#### ABOUT THIS EXERCISE
Your reply should hold only the lines from the records below where "circle" occurs.

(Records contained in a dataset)
┄┄┄┄┄┄┄┄┄┄┄┄┄┄┄┄┄┄┄┄

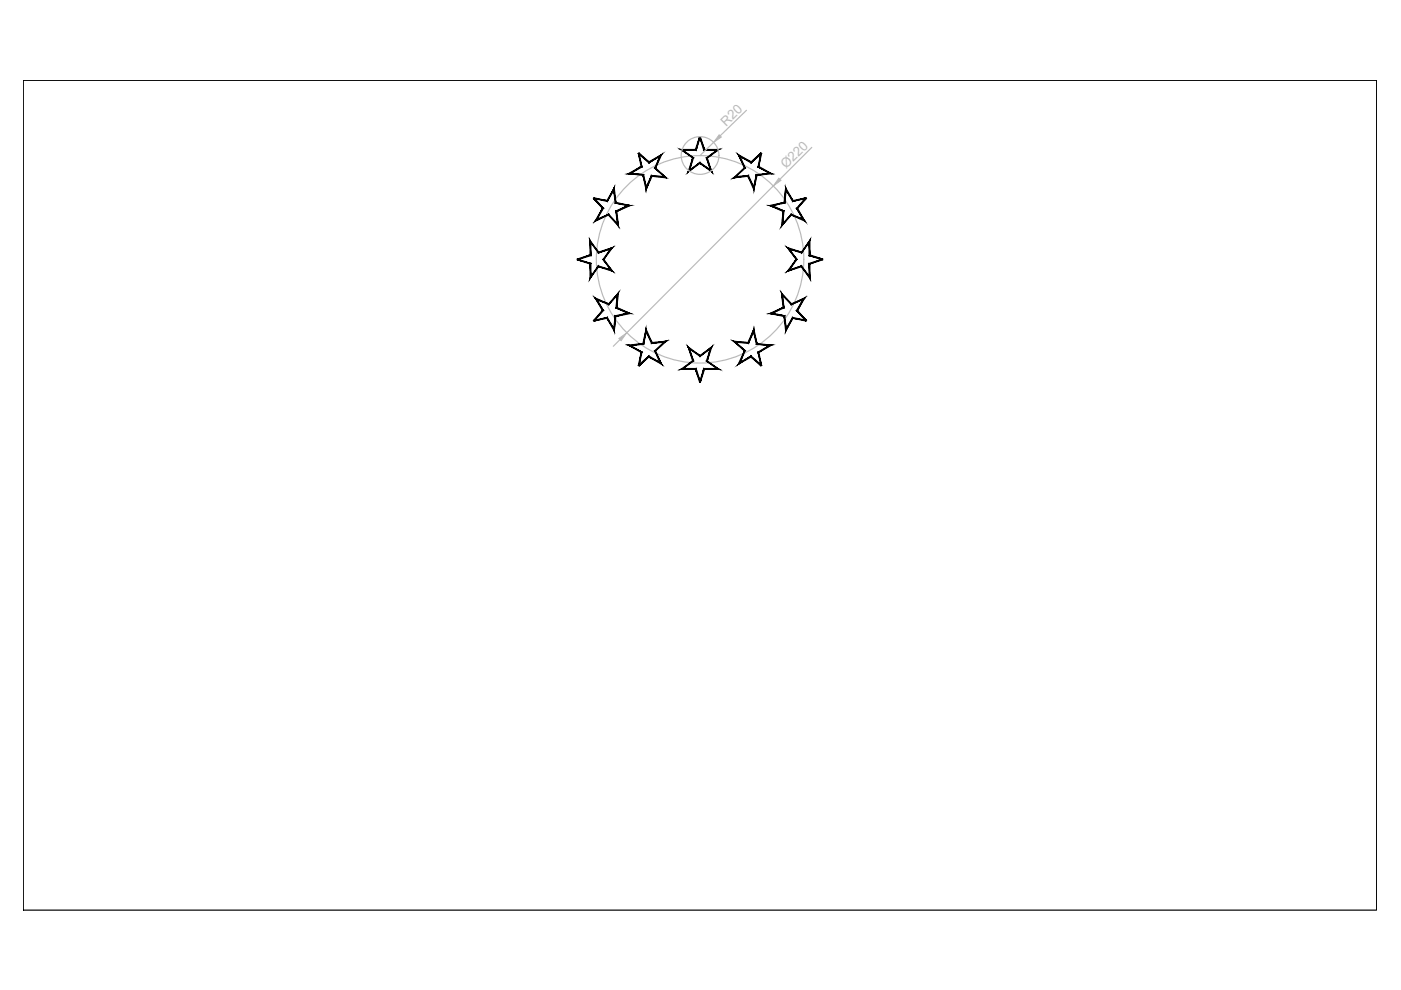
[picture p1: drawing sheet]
<svg xmlns="http://www.w3.org/2000/svg" width="297mm" height="210mm" viewBox="0 0 297 210" stroke-linecap="round" stroke-linejoin="round" font-family="sans-serif">
<defs><g id="words">
<g font-size="2.8" fill="#bababa">
<text x="154" y="26.9" transform="rotate(-44 154 26.9)">R20</text>
<text x="166.7" y="35.9" transform="rotate(-45 166.7 35.9)">Ø220</text>
</g>
</g></defs>
<!-- layer: cotas -->
<g fill="none" stroke="#bababa" stroke-width=".25">
<path d="M151.3 30.2l-2.9 2.8M158.3 23.4l-5.6 5.4M163.9 39.4l-31 31.2M172.1 31.3l-6.8 6.7M131.5 72l-1.5 1.4"/>
<circle cx="148.4" cy="33" r="4"/>
<circle cx="148.4" cy="55" r="22"/>
</g>
<!-- layer: 0 -->
<g fill="#000" stroke="#000" stroke-width=".21">
<path d="M135.3 32.5l.8 2.9-.6-2.9zM135.3 32.5l.8 2.9-.2-.1zM133.8 36.7l2.3-1.3-.2-.1zM133.2 36.8l2.7-1.5-2.1 1.4zM133.2 36.8l3.3 .2-2.7-.3zM133.2 36.8l3.3 .2-.2 .2zM136.5 37l-.2 .2 .7 2.4zM136.3 37.2l.7 2.4v.7zM138.1 37.2l-1.1 2.4v.7zM138.1 37.2l.1 .2-1.2 2.9zM138.1 37.2l.1 .2h2.6zM138.2 37.4h2.6l.5 .3zM138.8 35.7l2 1.7 .5 .3zM138.8 35.7l.2-.1 2.3 2.1zM139.9 33.2l-1.1 2.5 .2-.1zM139.9 33.2l.4-.5-1.3 2.9zM137.6 34.6l2.3-1.4 .4-.5zM137.6 34.3l2.7-1.6-2.7 1.9zM135.3 32.6l2.3 2v-.3zM135.3 32.6l.2-.2 2.1 1.9z"/>
<path d="M148.3 29l-.7 2.9 .9-2.8zM148.3 29l-.7 2.9-.2-.2zM144.9 31.9h2.7l-.2-.2zM144.3 31.7h3.1l-2.5 .2zM144.3 31.7l2.8 1.8-2.2-1.6zM144.3 31.7l2.8 1.8h-.3zM146.8 33.5l-.6 2.5 .9-2.5zM146.8 33.5l-.6 2.5-.3 .5zM146.2 36l-.3 .5 2.5-2.1zM145.9 36.5l2.5-2.1v.2zM148.4 34.4v.2l2.2 1.4zM148.4 34.6l2.2 1.4 .3 .5zM149.8 33.5l.8 2.5 .3 .5zM149.8 33.5h.2l.9 3zM149.8 33.5h.2l1.9-1.6zM150 33.5l1.9-1.6 .6-.2zM149.2 31.9h2.7l.6-.2zM149.4 31.7h3.1l-3.3 .2zM148.3 29.1l.9 2.8 .2-.2zM148.3 29.1l.2-.1 .9 2.7z"/>
<path d="M161.3 32.4l-2.1 2.2 2.3-2zM159.2 34.3l2.1-1.9-2.1 2.2zM157 33.2l2.2 1.4v-.3zM156.5 32.7l2.7 1.6-2.2-1.1zM156.5 32.7l1.5 3-1-2.5zM156.5 32.7l1.5 3-.2-.1zM157.8 35.6l-1.8 1.8 2-1.7zM155.5 37.7l2.3-2.1-1.8 1.8zM155.5 37.7l3.2-.5-2.7 .2zM155.5 37.7l3.2-.5-.1 .2zM158.7 37.2l-.1 .2 1.2 2.2zM158.6 37.4l1.2 2.2v.7zM160.3 37l-.5 2.6v.7zM160.3 37l.2 .2-.7 3.1zM160.3 37l.2 .2 2.5-.5zM160.5 37.2l2.5-.5 .6 .1zM160.7 35.4l2.3 1.3 .6 .1zM160.7 35.4l.2-.1 2.7 1.5zM161.3 32.5l-.6 2.9 .2-.1zM161.3 32.5h.2l-.6 2.8z"/>
<path d="M122.5 54.9l-.1 .2 2.9 .8zM122.4 55.1l2.9 .8-.2 .1zM125.1 56l.2 2.5v-2.6zM125.1 56l.2 2.5-.2 .6zM126.9 56.4l-1.6 2.1-.2 .6zM126.9 56.4v.2l-1.8 2.5zM126.9 56.4v.2l2.5 .6zM126.9 56.6l2.5 .6 .5 .3zM127.8 55l1.6 2.2 .5 .3zM127.8 55h.2l1.9 2.5zM129.4 52.8l-1.6 2.2h.2zM129.4 52.8l.5-.3-1.9 2.5zM126.9 53.7l2.5-.9 .5-.3zM126.9 53.4l3-.9-3 1.2zM125.3 51.5l1.6 2.2v-.3zM125.1 50.9l1.8 2.5-1.6-1.9zM125.1 50.9l.2 3.3v-2.7zM125.1 50.9l.2 3.3-.2-.2zM122.5 55.1l2.8-.9-.2-.2zM122.4 54.9l2.7-.9-2.6 1.1z"/>
<path d="M126 41.9l-.2 .2 2.2 2.1zM125.8 42.1l2.2 2.1h-.3zM127.7 44.2l-1.1 2.3 1.4-2.3zM127.7 44.2l-1.1 2.3-.5 .4zM126.6 46.5l-.5 .4 3-1.5zM126.1 46.9l3-1.5-.1 .2zM129.1 45.4l-.1 .2 1.8 1.8zM129 45.6l1.8 1.8 .3 .6zM130.6 44.7l.2 2.7 .3 .6zM130.6 44.7l.2 .1 .3 3.2zM130.6 44.7l.2 .1 2.2-1.2zM130.8 44.8l2.2-1.2h.7zM130.4 43.1l2.6 .5h.7zM130.4 43.1l.2-.2 3.1 .7zM130.1 40.4l.3 2.7 .2-.2zM130.2 39.8l.4 3.1-.5-2.5zM130.2 39.8l-1.4 2.9 1.3-2.3zM130.2 39.8l-1.4 2.9-.1-.2zM125.9 42.1l2.9 .6-.1-.2zM125.9 41.9l2.8 .6-2.8-.4z"/>
<path d="M168 42.7l2.9-.6v-.2zM168.1 42.5l2.8-.6-2.9 .8zM166.7 40.4l1.3 2.3 .1-.2zM166.6 39.8l1.5 2.7-1.4-2.1zM166.6 39.8l-.2 3.3 .3-2.7zM166.6 39.8l-.2 3.3-.2-.2zM163.8 43.6l2.6-.5-.2-.2zM163.1 43.6l3.1-.7-2.4 .7zM163.1 43.6l3.1 1.1-2.4-1.1zM163.1 43.6l3.1 1.1-.2 .1zM166 44.8v2.6l.2-2.7zM166 44.8v2.6l-.3 .6zM167.8 45.4l-1.8 2-.3 .6zM167.8 45.4v.2l-2.1 2.4zM167.8 45.4v.2l2.4 .9zM167.8 45.6l2.4 .9 .5 .4zM168.9 44.2l1.3 2.3 .5 .4zM168.9 44.2h.2l1.6 2.7zM170.8 41.9l-1.9 2.3h.2zM170.8 41.9l.2 .2-1.9 2.1z"/>
<path d="M171.5 54.2l2.9 .9v-.2zM171.5 54.2l.2-.2 2.7 .9zM171.5 51.5v2.7l.2-.2zM171.7 50.9v3.1l-.2-2.5zM171.7 50.9l-1.7 2.8 1.5-2.2zM171.7 50.9l-1.7 2.8-.1-.3zM167.4 52.8l2.6 .9-.1-.3zM166.9 52.5l3 .9-2.5-.6zM166.9 52.5l2.1 2.5-1.6-2.2zM166.9 52.5l2.1 2.5h-.2zM168.8 55l-1.4 2.2 1.6-2.2zM168.8 55l-1.4 2.2-.5 .3zM166.9 57.5l3.1-1.1-2.6 .8zM166.9 57.5l3.1-1.1-.1 .2zM170 56.4l-.1 .2 1.6 1.9zM169.9 56.6l1.6 1.9 .2 .6zM171.5 55.9v2.6l.2 .6zM171.5 55.9l.2 .1v3.1zM171.5 55.9l.2 .1 2.7-1.1zM171.7 56l2.7-1.1v.2z"/>
<path d="M125.9 67.9v.2l2.9-.8zM125.9 68.1l2.9-.8-.1 .2zM128.8 67.3l-.1 .2 1.4 2.1zM128.7 67.5l1.4 2.1 .1 .6zM130.4 66.9l-.3 2.7 .1 .6zM130.4 66.9l.2 .2-.4 3.1zM130.4 66.9l.2 .2 2.4-.7zM130.6 67.1l2.4-.7 .7 .1zM130.6 65.3l2.4 1.1 .7 .1zM130.6 65.3l.2-.1 2.9 1.3zM130.8 62.7l-.2 2.6 .2-.1zM131.1 62.1l-.3 3.1v-2.5zM131.1 62.1l-2 2.5 1.7-1.9zM131.1 62.1l-2 2.5-.1-.2zM126.6 63.6l2.5 1-.1-.2zM126.1 63.1l2.9 1.3-2.4-.8zM126.1 63.1l1.9 2.7-1.4-2.2zM126.1 63.1l1.9 2.7h-.3zM127.7 65.8l-1.7 2.3 2-2.3zM127.7 65.8l-1.7 2.3-.2-.1z"/>
<path d="M135.3 77.4l.2 .2 2.1-2.1zM137.6 75.5v.2l-2.1 1.9zM137.6 75.5v.2l2.3 1.1zM137.6 75.7l2.3 1.1 .4 .5zM138.8 74.4l1.1 2.4 .4 .5zM138.8 74.4h.2l1.3 2.9zM138.8 74.4h.2l1.8-1.8zM140.8 72.6l.5-.3-2.3 2.1zM138.1 72.8l2.7-.2 .5-.3zM138.2 72.6l3.1-.3-3.2 .5zM137 70.4l1.1 2.4 .1-.2zM137 69.7l1.2 2.9-1.2-2.2zM137 69.7l-.5 3.3 .5-2.6zM137 69.7l-.5 3.3-.2-.2zM133.8 73.3l2.7-.3-.2-.2zM133.2 73.2l3.1-.4-2.5 .5zM133.2 73.2l2.9 1.4-2.3-1.3zM133.2 73.2l2.9 1.4-.2 .1zM135.9 74.7l-.4 2.8 .6-2.9zM135.9 74.7l-.4 2.8h-.2z"/>
<path d="M160.7 74.6l.6 2.9h.2zM160.7 74.6l.2 .1 .6 2.8zM160.7 74.6l.2 .1 2.1-1.4zM160.9 74.7l2.1-1.4 .6-.1zM160.3 73l2.7 .3 .6-.1zM160.3 73l.2-.2 3.1 .4zM159.8 70.4l.5 2.6 .2-.2zM159.8 69.7l.7 3.1-.7-2.4zM159.8 69.7l-1.1 3.1 1.1-2.4zM159.8 69.7l-1.1 3.1-.1-.2zM156 72.6l2.7 .2-.1-.2zM155.5 72.3l3.1 .3h-2.6zM155.5 72.3l2.5 2.1-2-1.8zM155.5 72.3l2.5 2.1h-.2zM157.8 74.4l-.8 2.4 1-2.4zM157.8 74.4l-.8 2.4-.5 .5zM157 76.8l-.5 .5 2.7-1.8zM156.5 77.3l2.7-1.8v.2zM159.2 75.5v.2l2.3 1.7zM159.2 75.7l2.3 1.7-.2 .2z"/>
<path d="M168.9 65.8l1.9 2.3 .2-.1zM168.9 65.8h.2l1.9 2.2zM170.2 63.6l-1.3 2.2h.2zM170.2 63.6l.5-.5-1.6 2.7zM167.8 64.6l2.4-1 .5-.5zM167.8 64.4l2.9-1.3-2.9 1.5zM166 62.7l1.8 1.9v-.2zM165.7 62.1l2.1 2.3-1.8-1.7zM165.7 62.1l.5 3.2-.2-2.6zM165.7 62.1l.5 3.2-.2-.1zM163.8 66.4l2.4-1.1-.2-.1zM163.1 66.5l2.9-1.3-2.2 1.2zM163.1 66.5l3.3 .4-2.6-.5zM163.1 66.5l3.3 .4-.2 .2zM166.4 66.9l-.2 .2 .5 2.5zM166.2 67.1l.5 2.5-.1 .6zM168 67.3l-1.3 2.3-.1 .6zM168 67.3l.1 .2-1.5 2.7zM168 67.3l.1 .2 2.8 .4zM168.1 67.5l2.8 .4v.2z"/>
<path d="M149.2 78.1l-.9 2.9h.2zM149.2 78.1l.2 .2-.9 2.7zM149.2 78.1l.2 .2 2.5-.2zM149.4 78.3l2.5-.2 .6 .2zM149.8 76.6l2.1 1.5 .6 .2zM149.8 76.6l.2-.1 2.5 1.8zM150.6 74l-.8 2.6 .2-.1zM150.9 73.5l-.9 3 .6-2.5zM148.4 75.6l2.2-1.6 .3-.5zM148.4 75.4l2.5-1.9-2.5 2.1zM146.2 74l2.2 1.6v-.2zM145.9 73.5l2.5 1.9-2.2-1.4zM145.9 73.5l1.2 3.1-.9-2.6zM145.9 73.5l1.2 3.1-.3-.1zM144.9 78.1l2.2-1.5-.3-.1zM144.3 78.3l2.5-1.8-1.9 1.6zM144.3 78.3l3.3-.2h-2.7zM144.3 78.3l3.3-.2-.2 .2zM147.6 78.1l-.2 .2 1.1 2.7zM147.4 78.3l1.1 2.7h-.2z"/>
</g>
<!-- layer: cotas -->
<g fill="#bababa" stroke="#bababa" stroke-width=".21">
<path d="M131.2 71.8l1.7-1.2-1.2 1.6z"/>
<path d="M165.1 37.8l.5 .4-1.7 1.2z"/>
<path d="M152.5 28.6l.4 .5-1.6 1.1z"/>
</g>
<!-- layer: 0 -->
<path d="M4.9 17h287v176h-287z" fill="none" stroke="#000" stroke-width=".25"/>
<use href="#words"/>
</svg>

┄┄┄┄┄┄┄┄┄┄┄┄┄┄┄┄┄┄┄┄

#### EXERCISE OUTPUT
<circle cx="148.4" cy="33" r="4"/>
<circle cx="148.4" cy="55" r="22"/>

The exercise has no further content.